Due to the rising tension in Europe and concerns over further Soviet expansion, American planners came up with a contingency plan code-named Operation Dropshot in 1949. It considered possible nuclear and conventional war with the Soviet Union and its allies in order to counter a Soviet takeover of Western Europe, the Near East and parts of Eastern Asia that they anticipated would begin around 1957. In response, the US would saturate the Soviet Union with atomic and high-explosive bombs, and then invade and occupy the country. In later years, to reduce military expenditures while countering Soviet conventional strength, President Dwight Eisenhower would adopt a strategy of massive retaliation, relying on the threat of a US nuclear strike to prevent non-nuclear incursions by the Soviet Union in Europe and elsewhere. The approach entailed a major buildup of US nuclear forces and a corresponding reduction in America's non-nuclear ground and naval strength. The Soviet Union viewed these developments as "atomic blackmail".

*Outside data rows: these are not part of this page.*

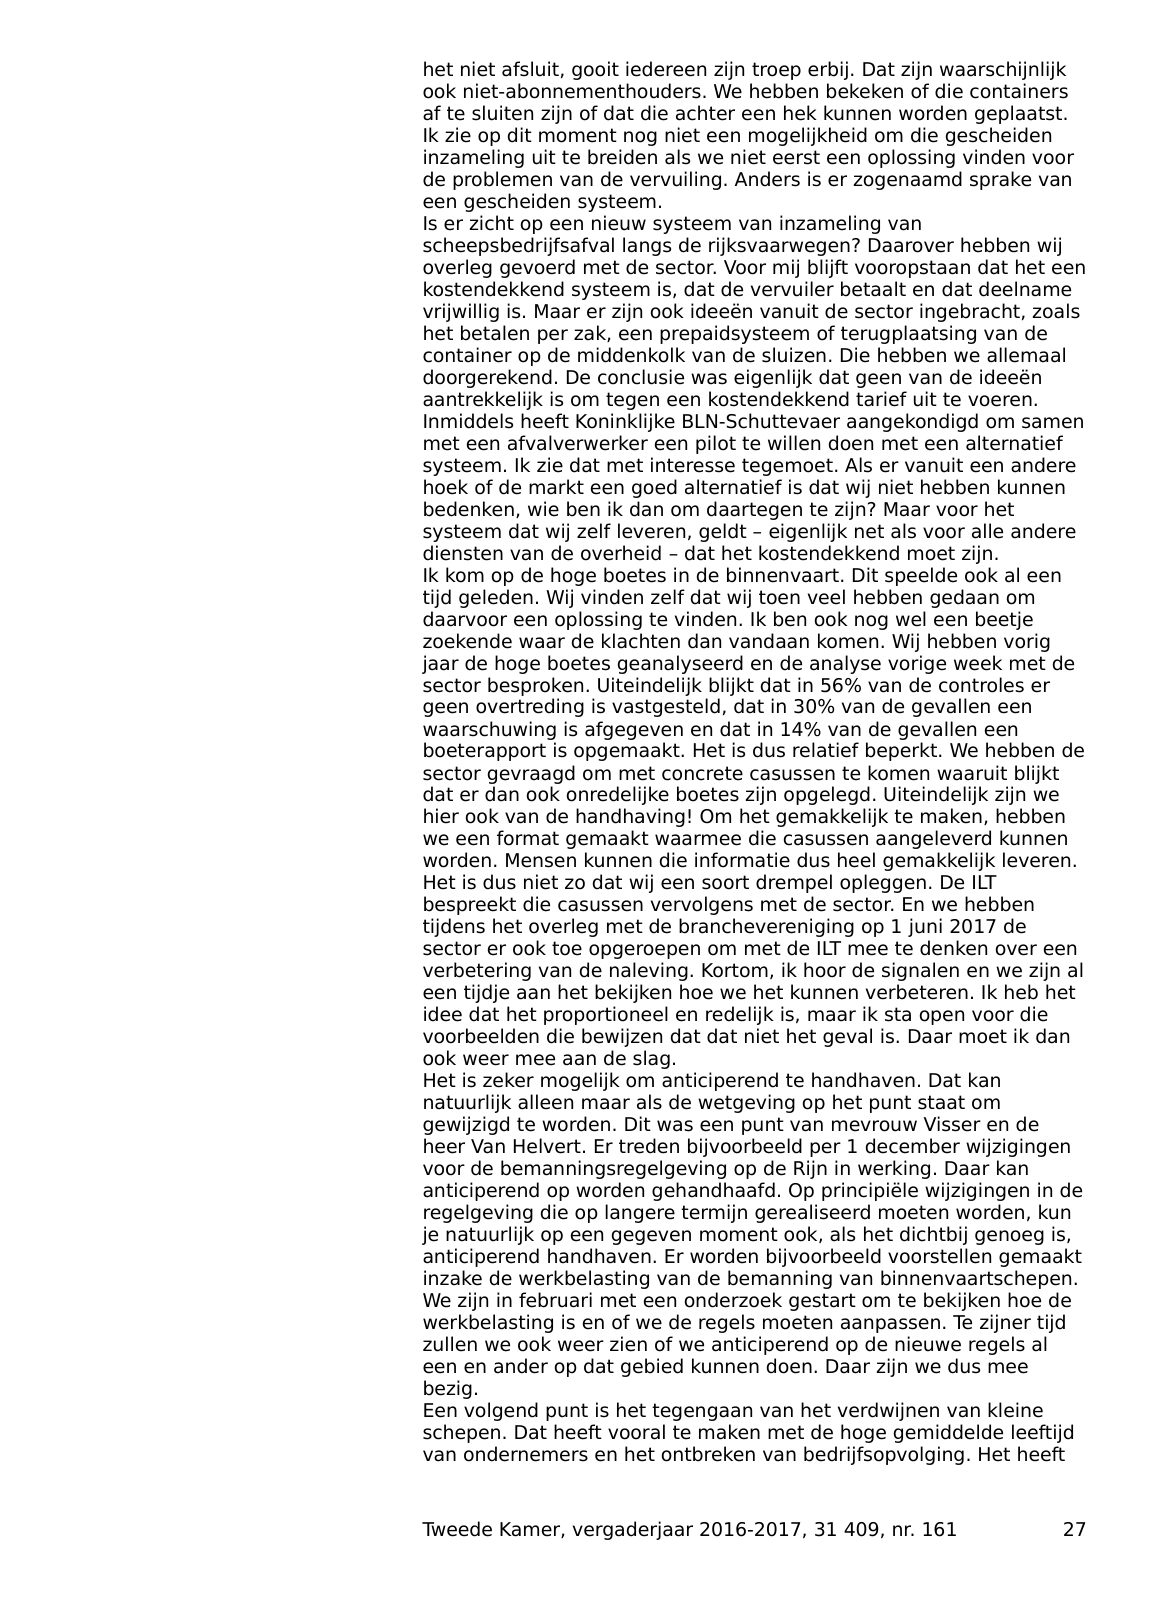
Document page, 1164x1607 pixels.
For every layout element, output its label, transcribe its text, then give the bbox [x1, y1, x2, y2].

text Is er zicht op een nieuw systeem van inzameling van scheepsbedrijfsafval langs de rijksvaarwegen? Daarover hebben wij overleg gevoerd met de sector. Voor mij blijft vooropstaan dat het een kostendekkend systeem is, dat de vervuiler betaalt en dat deelname vrijwillig is. Maar er zijn ook ideeën vanuit de sector ingebracht, zoals het betalen per zak, een prepaidsysteem of terugplaatsing van de container op de middenkolk van de sluizen. Die hebben we allemaal doorgerekend. De conclusie was eigenlijk dat geen van de ideeën aantrekkelijk is om tegen een kostendekkend tarief uit te voeren. Inmiddels heeft Koninklijke BLN-Schuttevaer aangekondigd om samen met een afvalverwerker een pilot te willen doen met een alternatief systeem. Ik zie dat met interesse tegemoet. Als er vanuit een andere hoek of de markt een goed alternatief is dat wij niet hebben kunnen bedenken, wie ben ik dan om daartegen te zijn? Maar voor het systeem dat wij zelf leveren, geldt – eigenlijk net als voor alle andere diensten van de overheid – dat het kostendekkend moet zijn. [422, 213, 1087, 564]
text Het is zeker mogelijk om anticiperend te handhaven. Dat kan natuurlijk alleen maar als de wetgeving op het punt staat om gewijzigd te worden. Dit was een punt van mevrouw Visser en de heer Van Helvert. Er treden bijvoorbeeld per 1 december wijzigingen voor de bemanningsregelgeving op de Rijn in werking. Daar kan anticiperend op worden gehandhaafd. Op principiële wijzigingen in de regelgeving die op langere termijn gerealiseerd moeten worden, kun je natuurlijk op een gegeven moment ook, als het dichtbij genoeg is, anticiperend handhaven. Er worden bijvoorbeeld voorstellen gemaakt inzake de werkbelasting van de bemanning van binnenvaartschepen. We zijn in februari met een onderzoek gestart om te bekijken hoe de werkbelasting is en of we de regels moeten aanpassen. Te zijner tijd zullen we ook weer zien of we anticiperend op de nieuwe regels al een en ander op dat gebied kunnen doen. Daar zijn we dus mee bezig. [422, 1070, 1087, 1400]
text het niet afsluit, gooit iedereen zijn troep erbij. Dat zijn waarschijnlijk ook niet-abonnementhouders. We hebben bekeken of die containers af te sluiten zijn of dat die achter een hek kunnen worden geplaatst. Ik zie op dit moment nog niet een mogelijkheid om die gescheiden inzameling uit te breiden als we niet eerst een oplossing vinden voor de problemen van de vervuiling. Anders is er zogenaamd sprake van een gescheiden systeem. [422, 59, 1087, 213]
text Ik kom op de hoge boetes in de binnenvaart. Dit speelde ook al een tijd geleden. Wij vinden zelf dat wij toen veel hebben gedaan om daarvoor een oplossing te vinden. Ik ben ook nog wel een beetje zoekende waar de klachten dan vandaan komen. Wij hebben vorig jaar de hoge boetes geanalyseerd en de analyse vorige week met de sector besproken. Uiteindelijk blijkt dat in 56% van de controles er geen overtreding is vastgesteld, dat in 30% van de gevallen een waarschuwing is afgegeven en dat in 14% van de gevallen een boeterapport is opgemaakt. Het is dus relatief beperkt. We hebben de sector gevraagd om met concrete casussen te komen waaruit blijkt dat er dan ook onredelijke boetes zijn opgelegd. Uiteindelijk zijn we hier ook van de handhaving! Om het gemakkelijk te maken, hebben we een format gemaakt waarmee die casussen aangeleverd kunnen worden. Mensen kunnen die informatie dus heel gemakkelijk leveren. Het is dus niet zo dat wij een soort drempel opleggen. De ILT bespreekt die casussen vervolgens met de sector. En we hebben tijdens het overleg met de branchevereniging op 1 juni 2017 de sector er ook toe opgeroepen om met de ILT mee te denken over een verbetering van de naleving. Kortom, ik hoor de signalen en we zijn al een tijdje aan het bekijken hoe we het kunnen verbeteren. Ik heb het idee dat het proportioneel en redelijk is, maar ik sta open voor die voorbeelden die bewijzen dat dat niet het geval is. Daar moet ik dan ook weer mee aan de slag. [422, 564, 1087, 1070]
text Een volgend punt is het tegengaan van het verdwijnen van kleine schepen. Dat heeft vooral te maken met de hoge gemiddelde leeftijd van ondernemers en het ontbreken van bedrijfsopvolging. Het heeft [422, 1400, 1087, 1466]

In Greece, civil war broke out in 1946 between Anglo-American-supported royalist forces and communist-led forces, with the royalist forces emerging as the victors. The US launched a massive programme of military and economic aid to Greece and to neighbouring Turkey, arising from a fear that the Soviet Union stood on the verge of breaking through the NATO defence line to the oil-rich Middle East. On 12 March 1947, to gain Congressional support for the aid, President Truman described the aid as promoting democracy in defence of the "free world", a principle that became known as the Truman Doctrine.

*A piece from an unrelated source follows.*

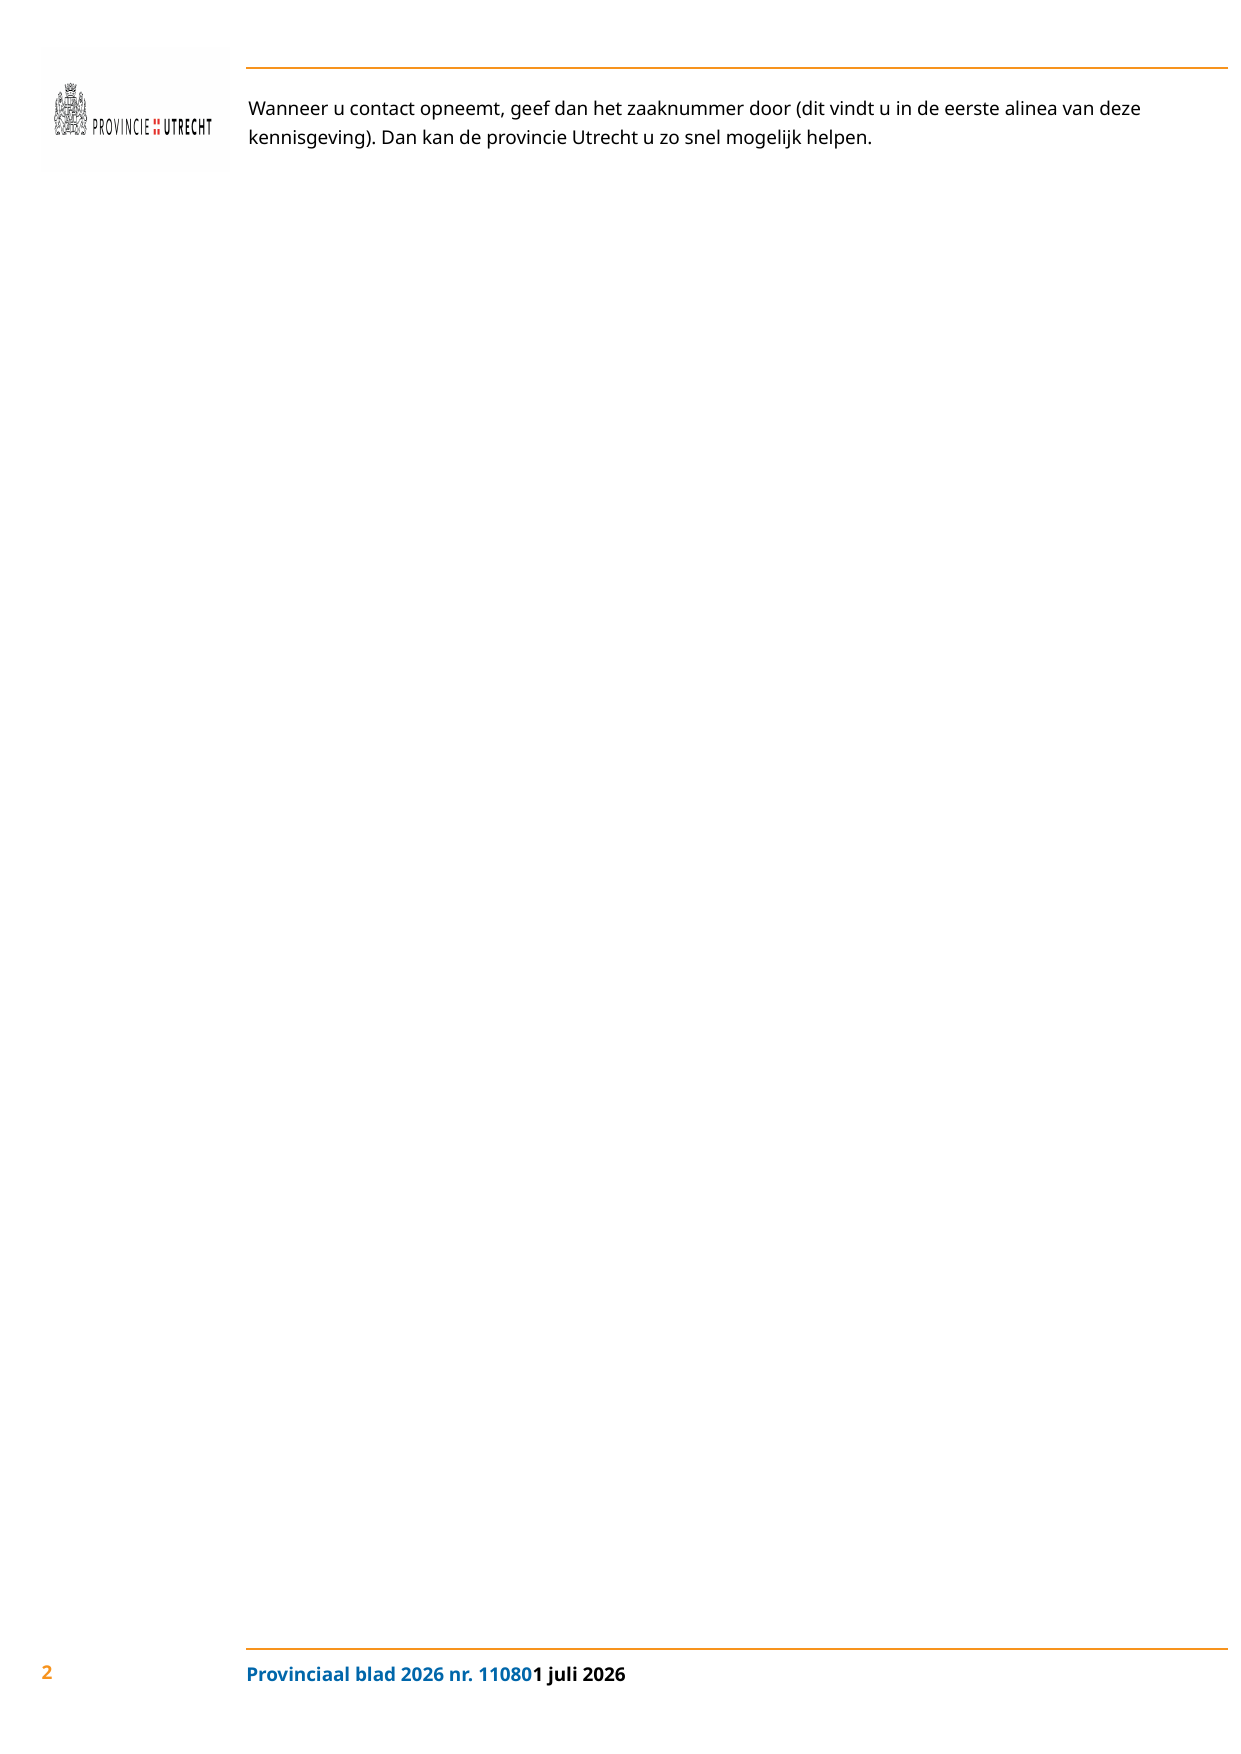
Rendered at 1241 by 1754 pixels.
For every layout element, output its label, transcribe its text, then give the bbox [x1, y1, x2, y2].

The US sought to promote an economically strong and politically united Western Europe to counter the threat posed by the Soviet Union. This was done openly using tools such as the European Recovery Program, which encouraged European economic integration. The International Authority for the Ruhr, designed to keep German industry down and controlled, evolved into the European Coal and Steel Community, a founding pillar of the European Union. The United States also worked covertly to promote European integration, for example using the American Committee on United Europe to funnel funds to European federalist movements. In order to ensure that Western Europe could withstand the Soviet military threat, the Western European Union was founded in 1948 and NATO in 1949. The first NATO Secretary General, Lord Ismay, famously stated the organisation's goal was "to keep the Russians out, the Americans in, and the Germans down". However, without the manpower and industrial output of West Germany no conventional defence of Western Europe had any hope of succeeding. To remedy this, in 1950 the US sought to promote the European Defence Community, which would have included a rearmed West Germany. The attempt was dashed when the French Parliament rejected it. On 9 May 1955, West Germany was instead admitted to NATO; the immediate result was the creation of the Warsaw Pact five days later.

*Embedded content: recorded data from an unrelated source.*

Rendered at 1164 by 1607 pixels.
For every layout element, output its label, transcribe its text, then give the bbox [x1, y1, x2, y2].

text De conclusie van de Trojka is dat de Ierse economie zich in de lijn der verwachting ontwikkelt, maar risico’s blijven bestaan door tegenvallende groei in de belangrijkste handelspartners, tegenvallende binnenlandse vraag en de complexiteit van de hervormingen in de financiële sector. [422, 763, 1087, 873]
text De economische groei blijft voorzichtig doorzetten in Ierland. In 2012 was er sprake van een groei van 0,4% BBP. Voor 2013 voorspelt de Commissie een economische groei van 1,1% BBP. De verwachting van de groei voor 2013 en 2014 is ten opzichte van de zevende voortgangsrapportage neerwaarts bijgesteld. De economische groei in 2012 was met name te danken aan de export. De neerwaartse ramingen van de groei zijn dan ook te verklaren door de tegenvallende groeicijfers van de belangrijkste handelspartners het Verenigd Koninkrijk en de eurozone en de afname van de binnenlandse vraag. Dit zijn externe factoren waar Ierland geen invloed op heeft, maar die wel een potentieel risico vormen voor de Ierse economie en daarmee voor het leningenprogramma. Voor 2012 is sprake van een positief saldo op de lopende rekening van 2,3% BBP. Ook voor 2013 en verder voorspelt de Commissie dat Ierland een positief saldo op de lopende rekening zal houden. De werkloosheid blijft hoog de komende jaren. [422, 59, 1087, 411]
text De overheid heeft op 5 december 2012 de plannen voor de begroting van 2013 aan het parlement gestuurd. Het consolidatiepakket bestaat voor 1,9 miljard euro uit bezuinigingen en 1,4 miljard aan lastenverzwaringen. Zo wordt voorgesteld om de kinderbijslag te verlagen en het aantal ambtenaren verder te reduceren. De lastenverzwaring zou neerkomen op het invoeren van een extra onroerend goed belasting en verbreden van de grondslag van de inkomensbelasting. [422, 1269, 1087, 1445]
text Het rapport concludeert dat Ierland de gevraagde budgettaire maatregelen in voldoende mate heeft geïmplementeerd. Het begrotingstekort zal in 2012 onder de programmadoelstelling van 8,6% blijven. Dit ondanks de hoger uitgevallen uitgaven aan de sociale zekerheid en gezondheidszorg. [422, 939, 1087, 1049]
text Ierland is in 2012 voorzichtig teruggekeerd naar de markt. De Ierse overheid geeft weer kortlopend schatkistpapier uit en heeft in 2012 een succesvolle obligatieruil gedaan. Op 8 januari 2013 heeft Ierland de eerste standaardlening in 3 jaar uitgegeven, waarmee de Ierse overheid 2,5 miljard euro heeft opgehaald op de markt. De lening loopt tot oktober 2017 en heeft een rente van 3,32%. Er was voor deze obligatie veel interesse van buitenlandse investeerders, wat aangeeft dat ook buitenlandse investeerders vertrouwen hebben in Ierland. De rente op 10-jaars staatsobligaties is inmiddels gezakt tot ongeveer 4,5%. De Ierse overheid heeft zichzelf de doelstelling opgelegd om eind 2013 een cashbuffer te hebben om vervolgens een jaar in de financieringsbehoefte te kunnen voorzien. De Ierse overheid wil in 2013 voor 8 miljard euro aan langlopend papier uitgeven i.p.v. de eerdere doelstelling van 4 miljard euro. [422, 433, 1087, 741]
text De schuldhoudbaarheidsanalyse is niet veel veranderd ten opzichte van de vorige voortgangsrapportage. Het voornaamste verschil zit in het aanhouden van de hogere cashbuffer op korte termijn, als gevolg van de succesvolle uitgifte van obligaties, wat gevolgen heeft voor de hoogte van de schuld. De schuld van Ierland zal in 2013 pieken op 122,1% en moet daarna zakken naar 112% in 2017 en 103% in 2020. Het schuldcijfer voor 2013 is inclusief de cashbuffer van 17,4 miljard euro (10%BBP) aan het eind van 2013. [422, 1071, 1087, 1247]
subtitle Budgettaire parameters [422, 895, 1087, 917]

The Cold War also saw the creation of propaganda and espionage organisations such as Radio Free Europe, the Information Research Department, the Gehlen Organization, the Central Intelligence Agency, the Special Activities Division, and the Ministry for State Security.

Asia

World map of colonization at the end of the Second World War in 1945

In Asia, the surrender of Japanese forces was complicated by the split between East and West as well as by the movement toward national self-determination in European colonial territories.

China

A Chinese man in military uniform, smiling and looking towards the left. He holds a sword in his left hand and has a medal in shape of a sun on his chest.
Generalissimo Chiang Kai-shek, leader of the Chinese nationalist Kuomintang
 
As agreed at the Yalta Conference, the Soviet Union went to war against Japan three months after the defeat of Germany. The Soviet forces invaded Manchuria. This was the end of the Manchukuo puppet state and all Japanese settlers were forced to leave China. The Soviet Union dismantled the industrial base in Manchuria built up by the Japanese in the preceding years. Manchuria also became a base for the Communist Chinese forces because of the Soviet presence. 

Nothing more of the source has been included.